それだけに、上位の悪魔が背後にいるとなるとかなり厄介になる。
「追撃はしますか?」
「いえ、我が軍も満身創痍の状態であることに変わりありません。一度町に戻り、態勢を立て直すを立て直す必要がありましょう」
「分かりました。では、俺も町に向かった仲間と合流しに行きます」
「では町までご案内いたしましょう。皆の者、引き上げるぞ!」
「「おぉーー!!」」
ヘインズさんの号令一下、兵士たちは勝鬨をあげながら撤退していく。
しかし周囲を見る限り、負傷していないものは誰もいない状態だった。さらに魔物たちが引き上げて分かったが、この戦いでかなりの犠牲者が出たようだ。

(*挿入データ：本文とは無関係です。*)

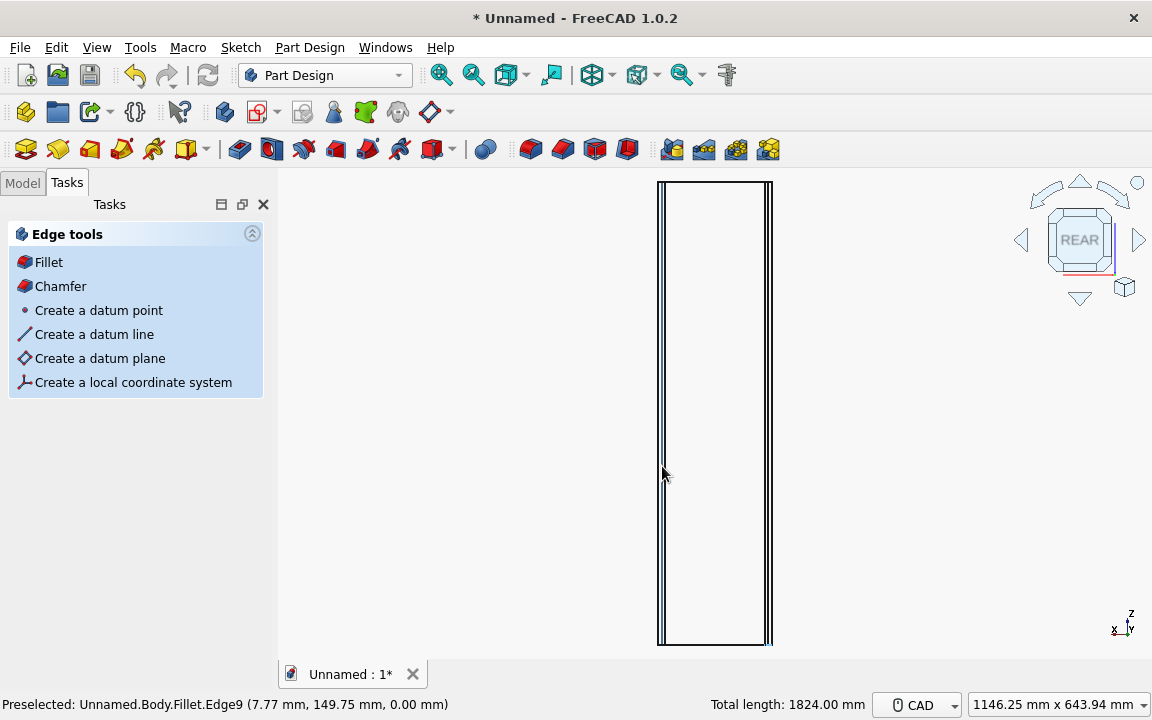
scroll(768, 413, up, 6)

あと来るのが一日遅れていたら……そう考えると、思わず背筋がゾッとした。
だが、これで終わったわけではない。
上位の悪魔が控えているとなると、明日はもっと大軍勢がくる可能性がある。そうなると、例えティルがいようとも決して油断できない。
分かっていたことではあるけど、かなり厳しい状況だな……。
とにかく今は町で現状を確認してから、足りない物の把握と明日からの作戦を……考え始めたらやることが多すぎてきりがない。それでも――。
「やるしかない、か」
自分から志願してこの戦場に来たのだ。中途半端なことは出来ない。それに、ある程度ならどうにか出来る力を持っているのだ。
「頑張らなきゃな」
城下町を町を目指しながら、俺は自分に言い聞かせるようにそう呟いた。
あとがきだから言いますが文章力と語彙力が崩壊している回。
いつも崩壊してないかと言われれば、かなり怪しい部分もありますが。
でもとにかくストーリー進行優先でエタらないように行きたいです。